Intro to Session Storage

Transcript

00:00 Let's get into session storage. This is where we're going to start getting into a little bit of actual Auth stuff. But this is another one of those underlying technologies that Auth really relies on is session storage in the cookie. So, cookies can be configured in a variety of ways and three of them that are very important for Auth

00:18 are that the cookie is only accessible via HTTP. That means that only the browser has access to it and it does not share that with any client-side JavaScript and then it sends that cookie over to the server. So, the server actually, as far as our code is concerned, server is the only thing that has access to these cookies, which is desired.

00:38 And then also signed. So, that means that a user couldn't generate their own cookie and try to pretend to be somebody else. And so, we use a special secret key that only we know to cryptographically sign the cookie value

00:55 so that when we read it on the server side, we verify that yes, I did make this cookie or no, somebody else made this cookie and I will not accept it. And then finally, secure. So, it should only work on HTTPS and that just is a given now.

01:12 We should only be operating on HTTPS and if somebody is connecting to your site on HTTP, then we shouldn't be giving them a cookie because there could be all sorts of vulnerabilities that they are subject to. So, we will not send any cookies unless it's secure.

01:29 Okay, so in Remix, there are some utilities for working with cookies and I copied some of this from the docs. And so, here you have this create cookie and that gives you the cookie value that you can then serialize and stuff. And there are options that you can provide for these different things, but we're not going to be using this API.

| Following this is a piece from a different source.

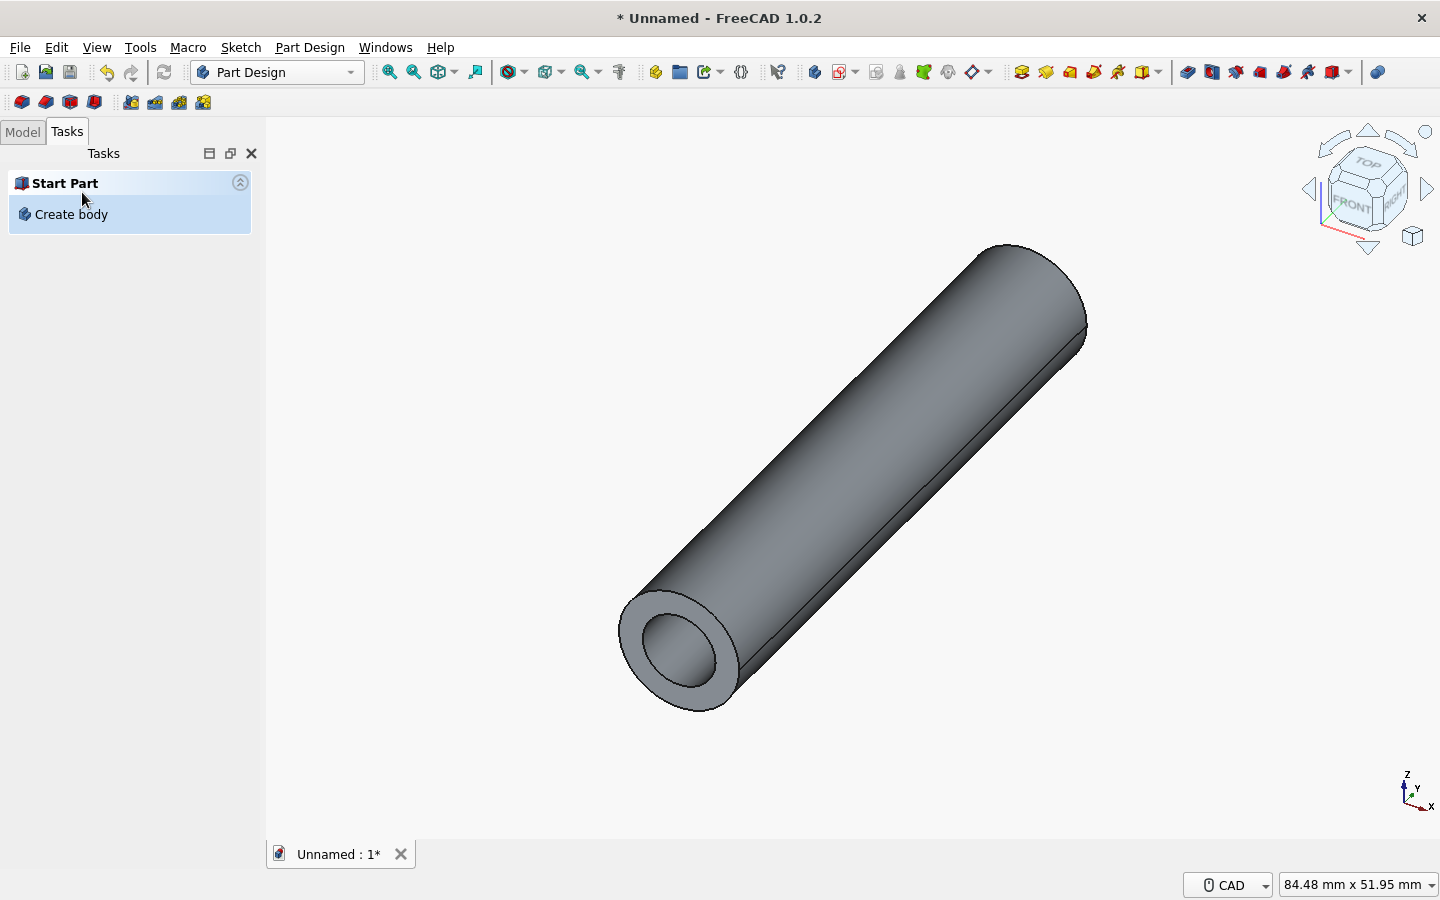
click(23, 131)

01:47 Instead, we're going to be using the cookie session storage because this allows us to create a session object which we can then set and get and flash different values to and we'll learn all about that in this exercise.

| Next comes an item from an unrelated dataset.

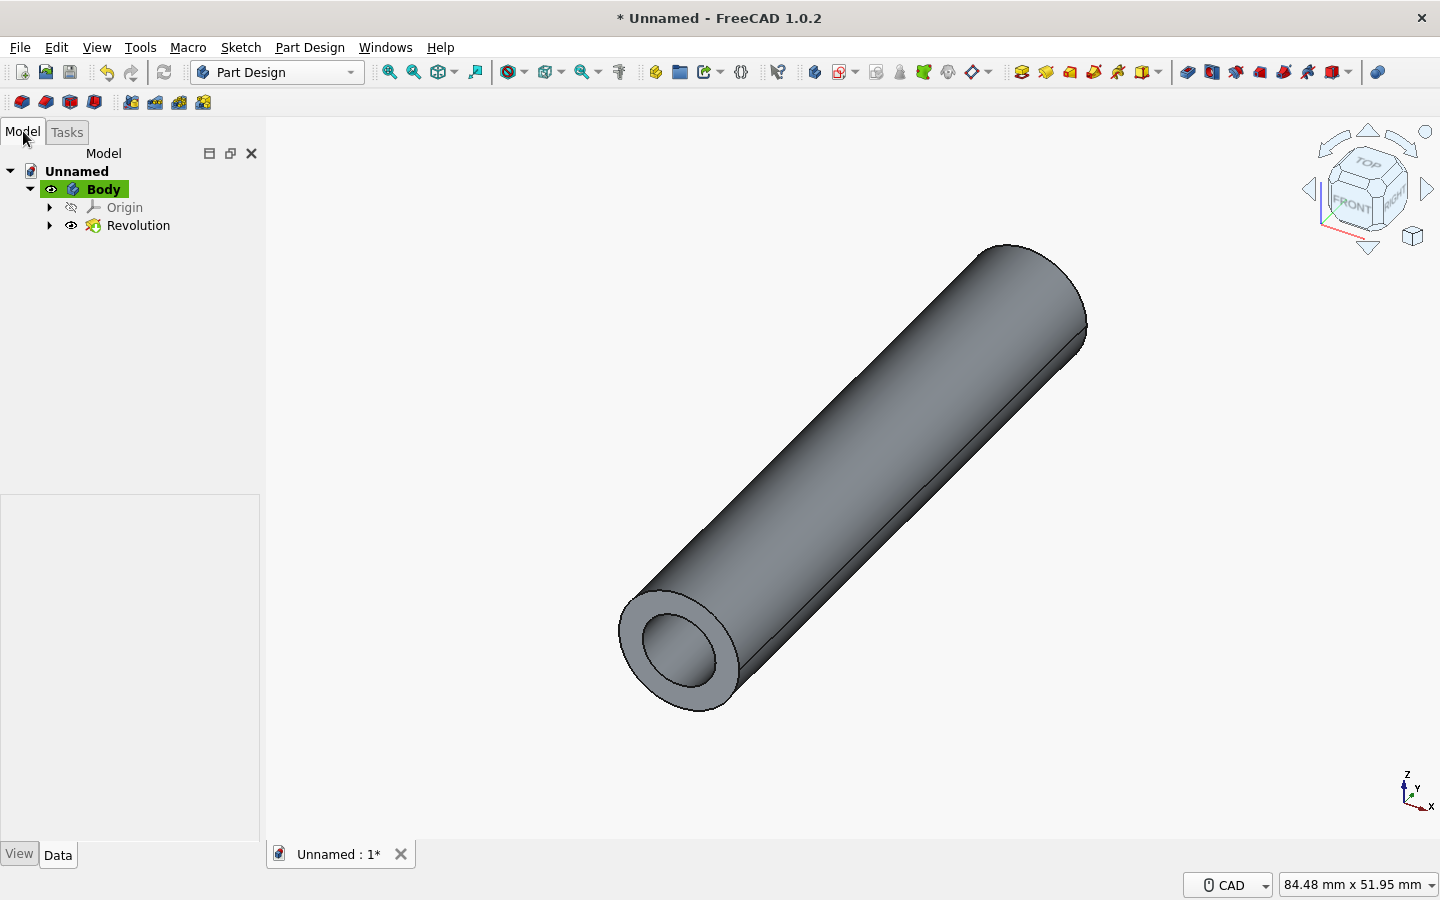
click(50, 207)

02:01 So, you create the cookie session storage and then you can configure your cookie in a very similar way to what you can do up here. So, here you give it a name, so that is like what that cookie name will appear as in your cookies listed here.

02:18 And in fact, like all of this config ends up showing up in here. So, the name, the value, domain, the path, when it expires, what is this? That's the size, I think. HTTP only, secure, same site. I think this one's priority.

02:35 This one is, come on, we need some accessibility experts in here. What does that say? It is partition something. Clearly, I don't use this particular property, but partition key.

02:49 Okay, so all this stuff we can configure and not all of it do we necessarily need to. So, the domain, that's going to just default to whatever domain you're on. The path is also related.

03:01 It's just what part of this particular application does, as far as the route is concerned, what part of that does this cookie apply to? So, if you say slash admin and you set a cookie there, that will not apply to slash users or whatever. Then you can specify when you want it to expire.

03:20 We're going to talk about expiration a little bit later in the workshop. But, yeah, so you have max age and expires that allow you to determine when this cookie expires, which is really nice so that you can proactively or time how long a cookie is going to live in their cookie jar for.

03:39 And then here's HTTP only and secrets is used for that serialization and signing, and so we're going to talk about that. And then secure, we'll talk about that as well, and our same site. So, lots of stuff to do with session storage, and we're going to be using session storage a lot in this workshop.

03:57 So, buckle up. It's going to be fun.